** RECORDS TO USE follows **

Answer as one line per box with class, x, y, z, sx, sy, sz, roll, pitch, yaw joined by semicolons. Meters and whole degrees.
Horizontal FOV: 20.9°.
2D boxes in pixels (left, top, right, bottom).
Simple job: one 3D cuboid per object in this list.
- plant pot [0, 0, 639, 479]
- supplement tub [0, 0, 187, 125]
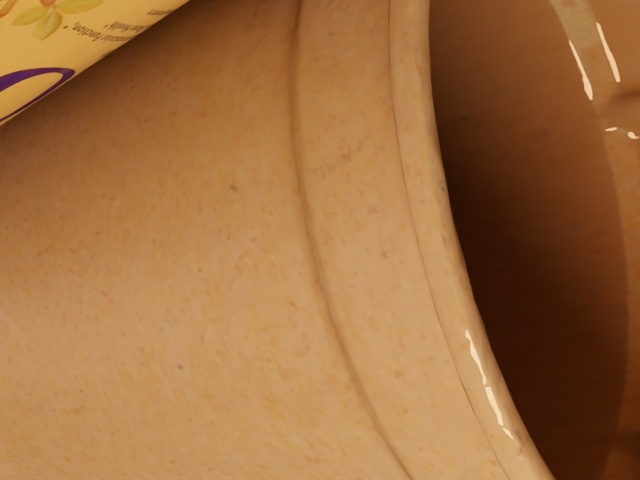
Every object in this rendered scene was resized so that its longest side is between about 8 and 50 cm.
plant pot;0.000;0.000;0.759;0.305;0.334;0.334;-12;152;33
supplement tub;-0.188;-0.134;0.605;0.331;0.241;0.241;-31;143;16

** End of RECORDS TO USE **
** RECORDS TO USE follows **

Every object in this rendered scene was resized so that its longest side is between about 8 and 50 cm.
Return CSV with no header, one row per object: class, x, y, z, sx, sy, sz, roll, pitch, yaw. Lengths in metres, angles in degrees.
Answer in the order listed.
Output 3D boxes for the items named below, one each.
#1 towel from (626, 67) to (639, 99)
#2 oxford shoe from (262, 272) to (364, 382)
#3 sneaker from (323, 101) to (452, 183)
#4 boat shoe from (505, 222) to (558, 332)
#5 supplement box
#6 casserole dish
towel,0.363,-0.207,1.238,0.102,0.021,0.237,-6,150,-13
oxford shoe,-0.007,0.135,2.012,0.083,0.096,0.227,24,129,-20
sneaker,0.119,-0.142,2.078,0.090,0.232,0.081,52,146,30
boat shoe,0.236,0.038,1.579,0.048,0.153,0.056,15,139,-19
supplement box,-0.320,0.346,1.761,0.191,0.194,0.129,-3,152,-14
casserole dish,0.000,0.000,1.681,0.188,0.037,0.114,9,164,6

** End of RECORDS TO USE **

Whenever a line above contains "pitch", copy that line.

Answer as one line per box with class, x, y, z, sx, sy, sz, roll, pitch, yaw joined by semicolons. Meters and whole degrees.
Return CSV with no header, one row per object: class, x, y, z, sx, sy, sz, roll, pitch, yaw. Lengths in metres, angles in degrees.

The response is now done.